Open Internet Boom, Closed Intranet Died

The situation banks and blockchain find themselves in today is similar to the situation found in the early 90s with the internet. Large scale providers of “internet services” such as AOL and Prodigy were more like intranets. They owned all the infrastructure, hosted all the content and basically controlled everything that happened on their servers – more or less.

The internet won out over these services due to its openness. AOL, as much money as it had, could never match the sheer numbers of talented, independent developers and the growth of the open-source movement. They never had the innovation coming out of competition such as the Netscape and Internet Explorer war. They couldn't grow as quickly as a network that was being built by hobbyists, businesses both small and large and various companies looking to get in on the action. One or two companies cannot control an industry that relies on the free transfer of information such as the internet and it showed. AOL, Prodigy and the French company that operated like the two aforementioned companies all became insignificant.

Money is, after all, just information.
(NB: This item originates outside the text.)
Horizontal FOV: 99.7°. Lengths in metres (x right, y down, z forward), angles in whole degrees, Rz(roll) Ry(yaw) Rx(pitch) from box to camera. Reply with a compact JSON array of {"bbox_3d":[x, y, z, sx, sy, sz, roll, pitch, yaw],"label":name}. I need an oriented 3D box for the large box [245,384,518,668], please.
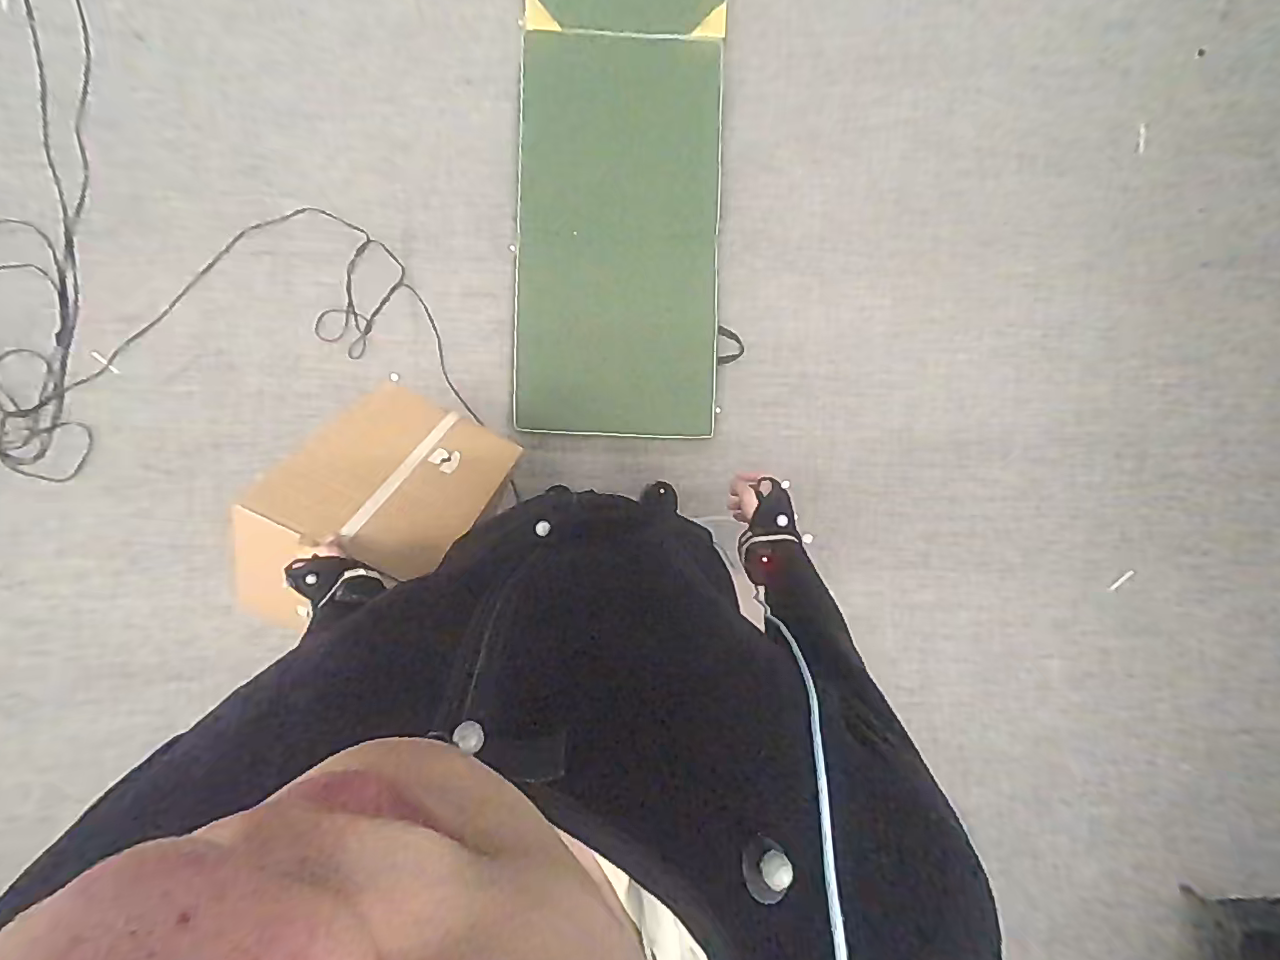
[{"bbox_3d":[-0.495,0.086,1.079,0.320,0.408,0.320,29,129,-8],"label":"large box"}]

Value, ownership, and trust are all things you need to know before you can use money to exchange for a good. That could be what Societe Generale is betting on. STOs are not ICOs. They have a set value, backed by a real-world asset. They are called securities so they can be regulated under existing laws that govern securities and so that investors can more easily identify them in their books. The STO is what could be opening up public blockchain tot he banks, much in the same way as online trading software opened up stock trading and FOREX trading to the retail market.

The margins might be thinner than they were pre-internet days, but the companies that adapted have seen a massive increase in volume that has more than made up for it. It is telling that ratings agency Moody's has seen this particular move by Societe Generale as “credit positive”. They said that the increase in transparency and the reduced risk of errors “arising from the complexity and the number of intermediaries involved in issuing covered bonds using traditional means.” That means even the most traditional companies are beginning to see what public, permissionless blockchain can offer – and that is always a good thing.